Official Records of the Rebellion

Official Records of the Rebellion: Volume Eleven, Chapter 23, Part 1: Peninsular Campaign: Reports

The Document

At the headquarters of an army there should be a chief surgeon, an aide-de-camp to the commanding general, with the same rank as the chief of the other departments of the staff. This officer, being charged with the administration of the medical department, should be authorized to give orders in the name of the commanding general in relation to all matters connected with the health of the army; the supervision of certificates of disability for discharge, pension certificates, applications for leave of absence for ill-health, sanitary suggestions, and regulating the establishing and furnishing of hospitals, and the like. He should have one aide at least for each corps d’armée of which the army is composed. For such an army as the Army of the [195] Potomac he will require at least three clerks, one of whom should be a competent hospital steward. This assistance is necessary for recording correspondence, making the reports required at headquarters and at Washington, and for dispensing medicines at the headquarters. An assistant quartermaster and an assistant commissary of subsistence are absolutely necessary to the chief surgeon. These officers, holding official relations to their respective departments, can so much more readily command and furnish the supplies in possession of those departments than a medical officer, who has to make requisitions for what be wants upon a quartermaster or commissary already overwhelmed with business. I am surprised it had never been thought of until I brought it to the notice of the present Surgeon-General while we were at Yorktown. If I had had these officers on the Peninsula I could have fitted up and supplied our hospital ships and stationary hospitals with comparatively little trouble or delay. I could have kept the ambulance trains more in hand, could have known more about them, and could have taken much better care of them. The advantages of such an arrangement are too obvious to require to be urged upon a military man.

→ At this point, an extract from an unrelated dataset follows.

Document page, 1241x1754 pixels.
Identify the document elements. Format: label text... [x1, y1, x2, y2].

For each corps d’armée of which an army is composed a chief surgeon should be placed upon the staff of the commander of the corps. He should have an assistant and a clerk. If the corps is more than 25,000 strong, he should have two assistants. He should have also an acting assistant quartermaster and commissary. This officer will take charge of the ambulance and supply trains, and when temporary hospital arrangements are to be made for the corps he will provide the tents and buildings, and will see to the drawing and placing in position of the necessary subsistence. While we were on the Peninsula I knew in two instances the valuable time of a medical officer wasted in the effort to get from commissaries subsistence for which his patients were suffering, and for which he had an order from headquarters. This officer would take charge of the hospital train upon a march, see that the wagons were not misapplied, distribute them to the brigades and regiments upon their arrival in camp, muster, pay, and subsist the teamsters, forage the horses, &c.

The guard for the hospital train would be the Ambulance Corps if a regular ambulance corps is authorized, or the drilled hospital attendants if we are compelled to use them upon the plan adopted in Washington. In the latter case we might by this means hope to keep these men together. They could not very well be removed and their places supplied by uninstructed men or not at all, at the caprice of colonels.

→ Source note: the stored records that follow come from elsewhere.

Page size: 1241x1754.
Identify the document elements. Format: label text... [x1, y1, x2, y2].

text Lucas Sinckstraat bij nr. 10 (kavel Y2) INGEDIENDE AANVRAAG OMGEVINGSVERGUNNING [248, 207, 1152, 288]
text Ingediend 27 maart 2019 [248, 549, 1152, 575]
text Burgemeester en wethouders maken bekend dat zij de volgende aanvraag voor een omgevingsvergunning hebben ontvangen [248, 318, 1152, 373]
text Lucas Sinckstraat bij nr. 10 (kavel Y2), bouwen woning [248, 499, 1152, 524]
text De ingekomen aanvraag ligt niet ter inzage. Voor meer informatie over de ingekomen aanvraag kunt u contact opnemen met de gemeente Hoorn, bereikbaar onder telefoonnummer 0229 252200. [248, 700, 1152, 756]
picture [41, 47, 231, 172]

The chief surgeon of the army should have on his staff one experienced medical officer of the army for each corps d’armée, to be kept constantly employed in sanitary inspections. It is in the field we want these officers, and where, in my view, their duties are all-important. No medical man of less than ten years military training is, in my opinion, competent to perform these duties in the field. Any intelligent physician can inspect the police of a city hospital. One inspector cannot do justice to more than 25,000 men. This I know from experience.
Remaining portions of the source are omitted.